▶

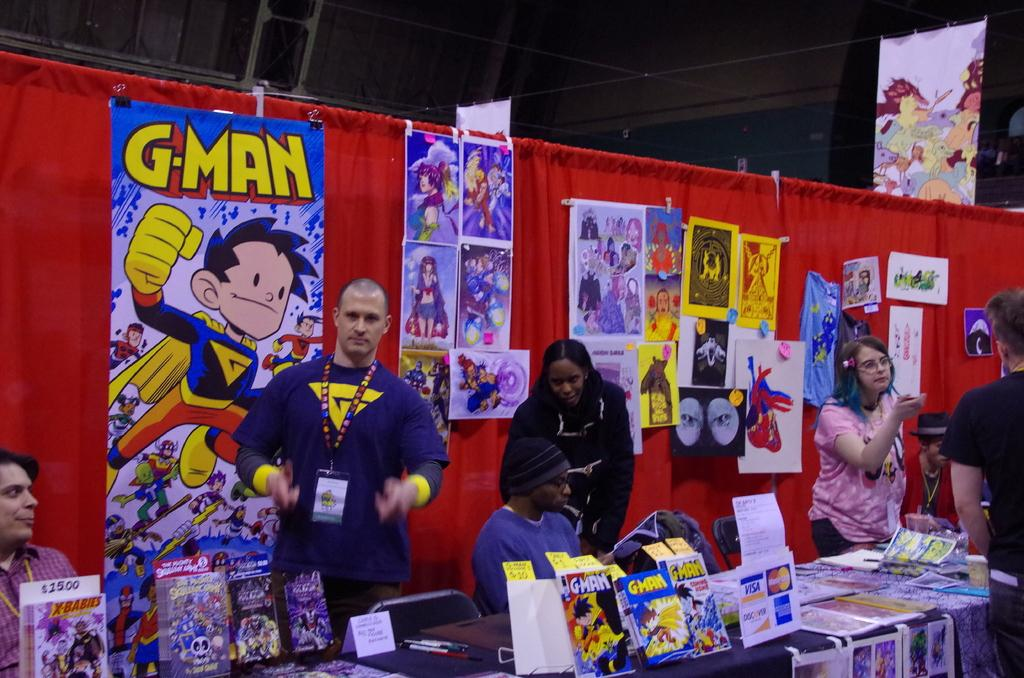<image>
Write a terse but informative summary of the picture. A stand about a cartoon or cartoon character called G-man. 
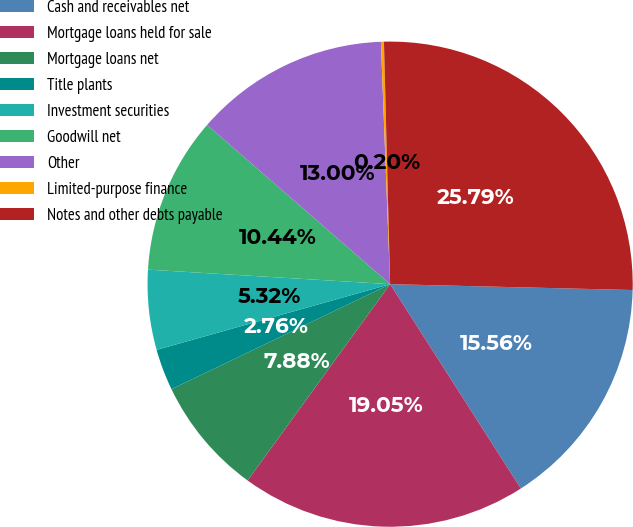<chart> <loc_0><loc_0><loc_500><loc_500><pie_chart><fcel>Cash and receivables net<fcel>Mortgage loans held for sale<fcel>Mortgage loans net<fcel>Title plants<fcel>Investment securities<fcel>Goodwill net<fcel>Other<fcel>Limited-purpose finance<fcel>Notes and other debts payable<nl><fcel>15.56%<fcel>19.05%<fcel>7.88%<fcel>2.76%<fcel>5.32%<fcel>10.44%<fcel>13.0%<fcel>0.2%<fcel>25.79%<nl></chart> 
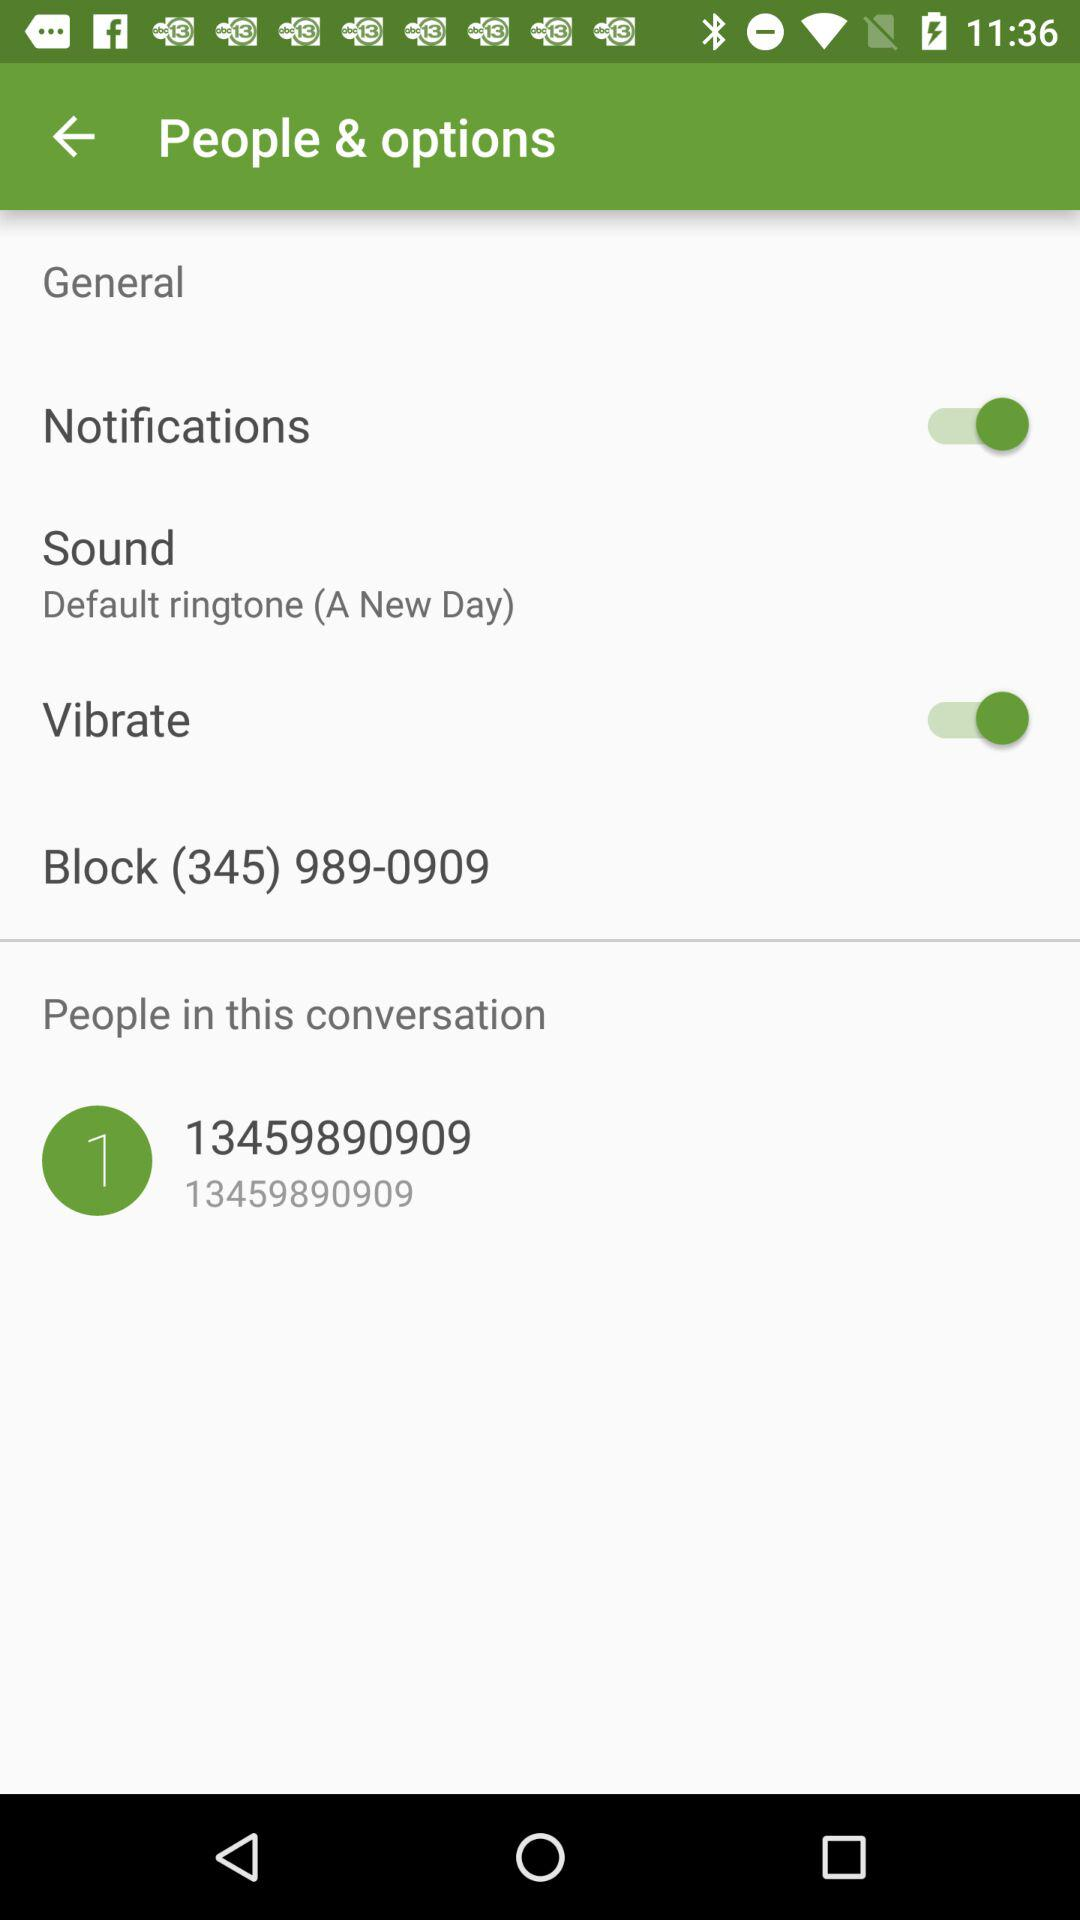How many ringtone options are available?
When the provided information is insufficient, respond with <no answer>. <no answer>

◀

- _GOAL OF THE EXERCISE_
Copy the listing exactly. Any image in it stays out of the copy.

- _SOLVED PROBLEM_
<image>
Write a terse but informative summary of the picture. A stand about a cartoon or cartoon character called G-man. 
<chart> <loc_0><loc_0><loc_500><loc_500><pie_chart><fcel>Cash and receivables net<fcel>Mortgage loans held for sale<fcel>Mortgage loans net<fcel>Title plants<fcel>Investment securities<fcel>Goodwill net<fcel>Other<fcel>Limited-purpose finance<fcel>Notes and other debts payable<nl><fcel>15.56%<fcel>19.05%<fcel>7.88%<fcel>2.76%<fcel>5.32%<fcel>10.44%<fcel>13.0%<fcel>0.2%<fcel>25.79%<nl></chart> 
How many ringtone options are available?
When the provided information is insufficient, respond with <no answer>. <no answer>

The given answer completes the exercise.